• **GIVEN DATA**
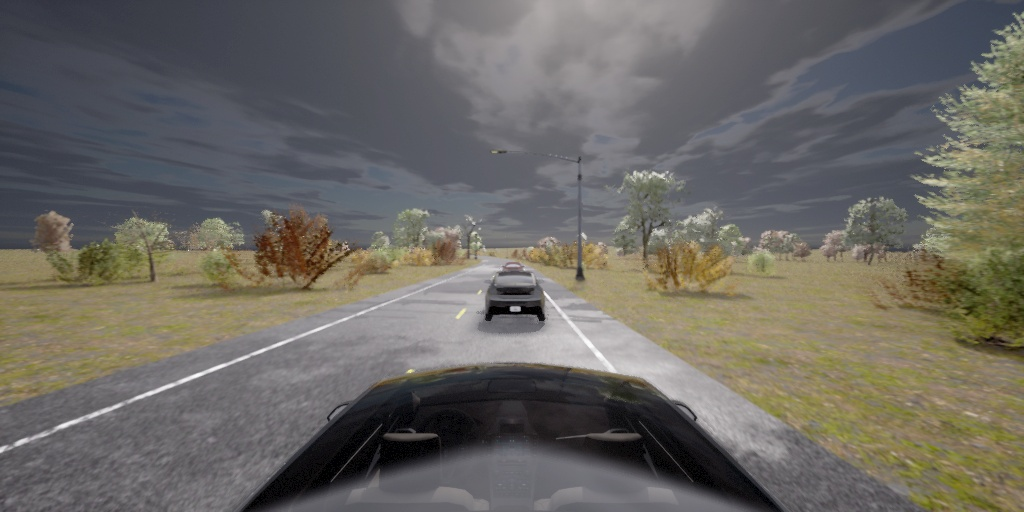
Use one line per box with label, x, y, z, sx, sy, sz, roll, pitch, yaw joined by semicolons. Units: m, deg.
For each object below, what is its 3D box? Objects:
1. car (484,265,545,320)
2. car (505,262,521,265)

• **EXERCISE**
All lines of the material above should be returned unchanged, but no pictures should be included.

• **ANSWER SPACE**
Use one line per box with label, x, y, z, sx, sy, sz, roll, pitch, yaw joined by semicolons. Units: m, deg.
For each object below, what is its 3D box? Objects:
1. car (484,265,545,320)
2. car (505,262,521,265)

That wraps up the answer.